Note that with less development projects, supply will quickly dry up and prices will start booming again. Supply and demand will have its way.
Impact on 1st home buyers
FHBs have been complaining recently that it is not possible to compete with investors. If investors target new developments, FHBs will be in an even worse position buying anything new.
But established areas with old properties are usually in better locations and therefore command a price tag well outside the reach of FHBs. So with no way of affording existing properties and more investors than ever to compete with over new properties, FHBs might be between a bigger rock and a harder place than they are now.
Impact on renters
If renters are still unable to convert to FHBs, I don’t think they’ll be stung by rising rents as much as some would suggest. Most landlords are already charging the top dollar possible. In fact, there may be a temporary drop in rents by landlords to secure their tenants rather than lose them as budding FHBs.
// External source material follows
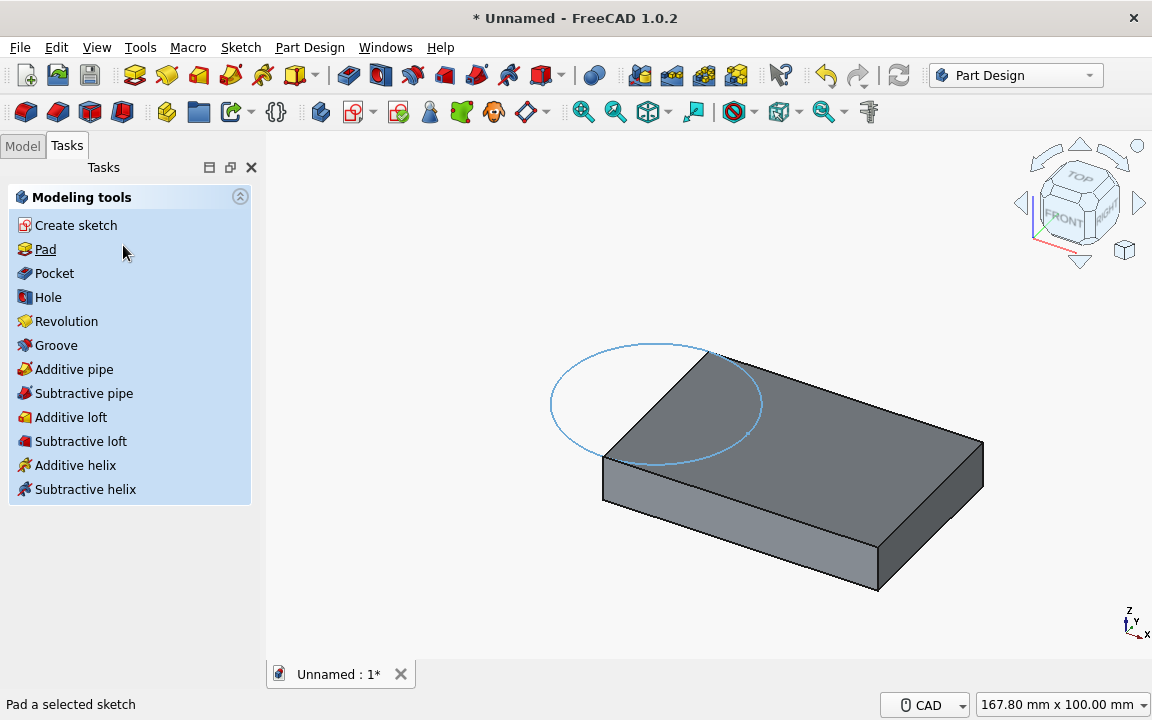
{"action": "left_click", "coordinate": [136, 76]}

However, if investors are knocked out of the market and prices drop as planned, development will dry up. Developers won’t want their clientele diminished nor their profit margins cut. With less development supply is reduced which will eventually lead back to higher prices and higher rents again.
Suburbs most heavily impacted
Those suburbs most likely to feel the pain of the change would have the following characteristics assuming investors decide to pursue new developments:
- Suburbs with very little development currently or planned – means there is less interest from new buyers who might be investors
- Suburbs traditionally of interest to investor owners rather than owner occupiers – means a greater percentage of future buyers are affected by the change
- Unaffordable suburbs for FHBs – means buying activity from FHBs is unlikely to prop up the reduced demand from lack of investor interest
- Suburbs with a lot of old stock on the market at the time the plan is implemented – sellers will lose interest from investors and may be forced to drop prices further
Supply and demand feedback loop
Knocking investors out of the market to reduce demand has an effect on developers. With reduced clientele and reduced prices, there are reduced profit margins for developers. So they reduce their construction which reduces supply which eventually leads to price rises again. This brings investors back in and developers too.
That’s how supply and demand works. There’s an in-built feedback loop in a free market that ensures that eventually everything returns to normal. Don’t be spooked by markets that are out of balance for a couple of years.
It’s beautiful how it all works together. It sorts itself out – no need for the government to meddle in it.
Once property becomes cash-flow neutral under the new regime, investors will return to the market. Developers will follow that increased demand with increased supply and balance will once again be restored to the cosmos. Prices will continue to climb as they always have.
In a nutshell
You have two options to affect prices:
- Decrease demand by making our country a hell-hole; or
- Increase supply by encouraging shanty towns
A sudden tax change will merely create overnight winners and losers. But the same “problem” will reappear. Supply and demand will sort it all out naturally in time.
Australia is a great place to live – don’t muck with it.